In a blog post, Anne Toth of Slack, has described how hackers managed to access an internal database containing customers’ names, usernames, email addresses, one-way encrypted passwords, and potentially other information including Skype IDs and phone numbers.
Apparently the firm was only able to confirm the hack – which took place over four days in February – “recently”.
We were recently able to confirm that there was unauthorized access to a Slack database storing user profile information. We have since blocked this unauthorized access and made additional changes to our technical infrastructure to prevent future incidents. We have also released two factor authentication and we strongly encourage all users to enable this security feature.
We are very aware that our service is essential to many teams. Earning your trust through the operation of a secure service will always be our highest priority. We deeply regret this incident and apologize to you, and to everyone who relies on Slack, for the inconvenience.
The lack of a clear timeline means that users are left in the dark about whether it has taken Slack a little over three weeks to notify customers that their systems have been hacked, or closer to two months.
Certainly I would be interested to hear precisely when (rather than “recently”) Slack discovered it had been attacked, and whether it has deliberately delayed the announcement until it was ready to announce new security features like two-factor authentication.
The good news is that it doesn’t appear that the attackers were able to access any financial or payment card information.
However, when you read Slack’s FAQ about the security incident you are left with the impression that some businesses may have had their private communications via the service also snooped upon.
Q: Were my messages taken/read/accessed?
If you have not been explicitly informed by us in a separate communication that we detected suspicious activity involving your Slack account, we are very confident that there was no unauthorized access to any of your team data (such as messages or files).
Of course, if Slack is admitting that some of its customers’ communications might have been accessed you have to wonder what technically would have prevented the hackers from accessing other customers’ messages too.
Perhaps Slack has systems in place to see what accounts and communications the hackers may have accessed, and so believes that deeper compromise is limited – but questions may still need to be asked about whether stronger security is required to prevent serious attacks happening in the future.

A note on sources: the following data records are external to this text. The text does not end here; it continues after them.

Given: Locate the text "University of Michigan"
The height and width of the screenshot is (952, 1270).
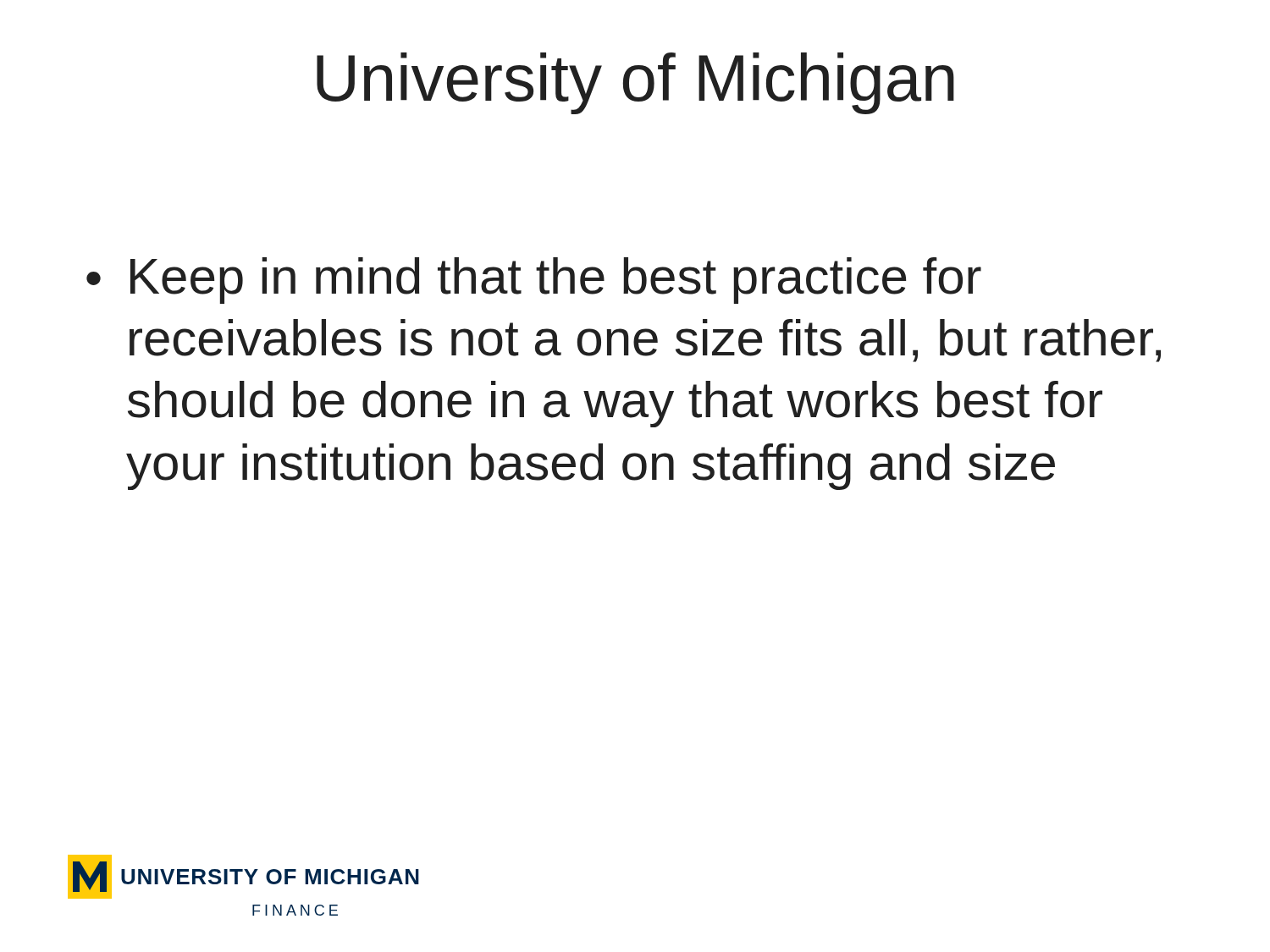Looking at the screenshot, I should tap(635, 78).
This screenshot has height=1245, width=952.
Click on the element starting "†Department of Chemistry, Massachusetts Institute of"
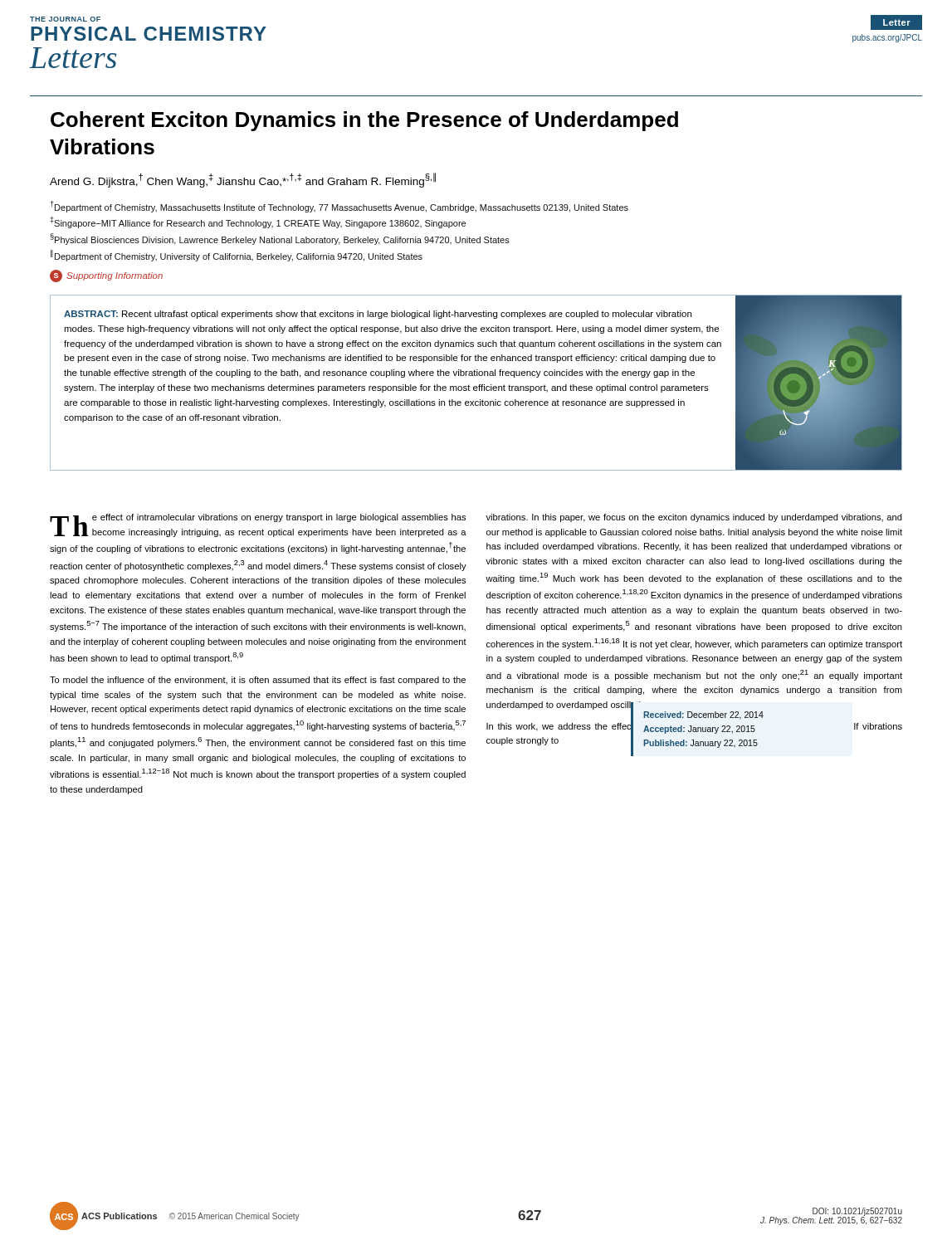[339, 230]
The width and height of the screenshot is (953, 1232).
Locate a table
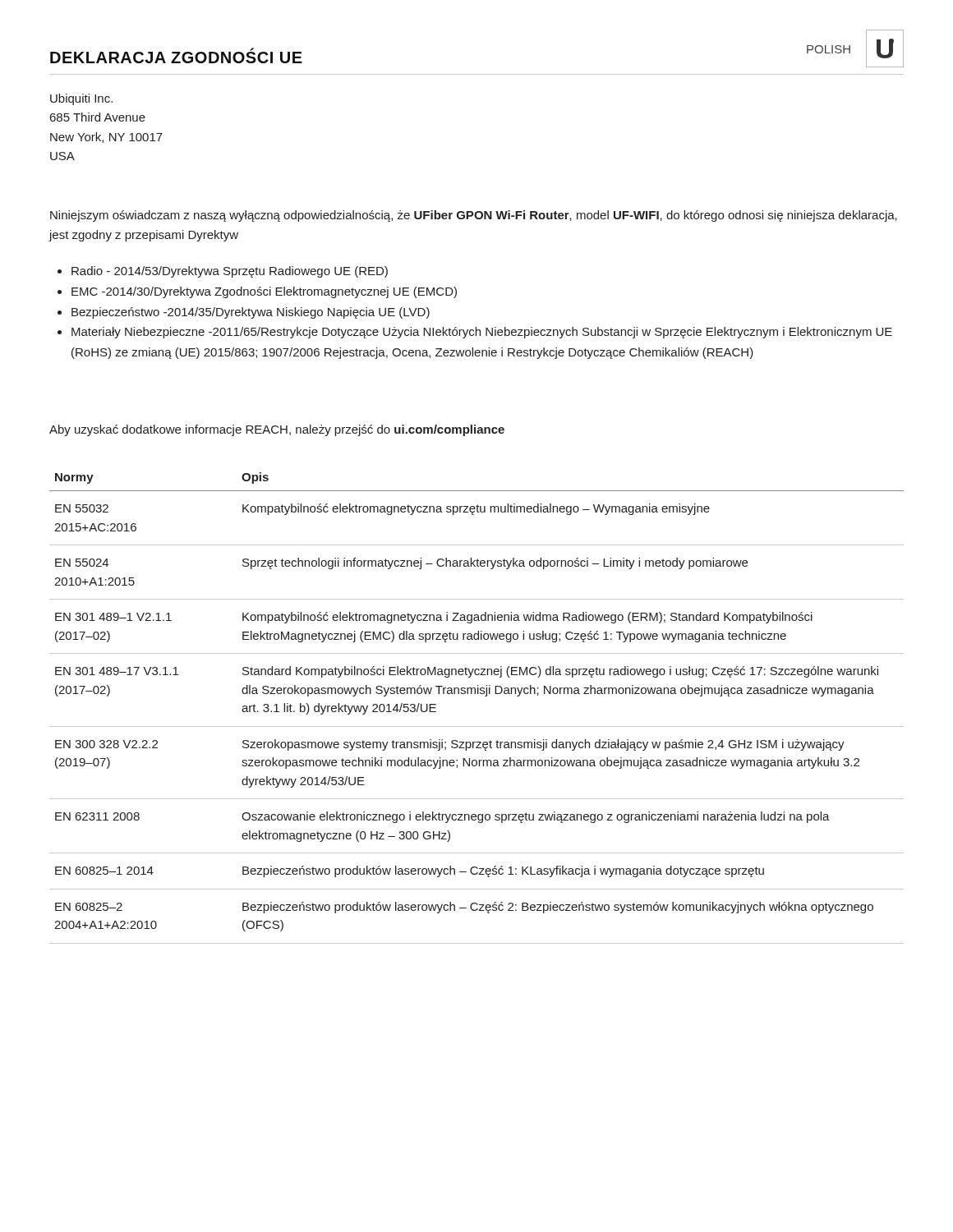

A statement issued by Slack to Cult of Mac appears to shed a little more light on this:
“We can not comment beyond details in the blog post about any other unauthorized activity that may have affected individual accounts. We have been in direct communication with a very small number of individual account holders and team owners, but will not be commenting publicly about these accounts. We can confirm that there was no access to databases containing message archives or other similar sensitive team data as part of this incident.”

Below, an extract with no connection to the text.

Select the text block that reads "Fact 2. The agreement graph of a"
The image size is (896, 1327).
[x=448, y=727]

“Message archives are not encrypted on the server side (search is an important part of Slack and it is not possible to both securely encrypt messages and offer search as a feature).”
Can you trust Slack to be secure? Is it yet another case of an online service that has grown rapidly, without treating security and privacy as a top priority?
The jury is currently out. If I was a customer of Slack I would need them to work hard to rebuild my trust, and be more transparent about what occurred to reassure me that they weren’t attempting to massage the breach notification for PR reasons.
If you are a Slack user I would recommend that, at the very least, you remember to be careful what you share, warn your colleagues to be on the look out for phishing messages and targeted attacks (the bad guys have got your contact details now, remember?) and enable two-factor authentication as soon as possible.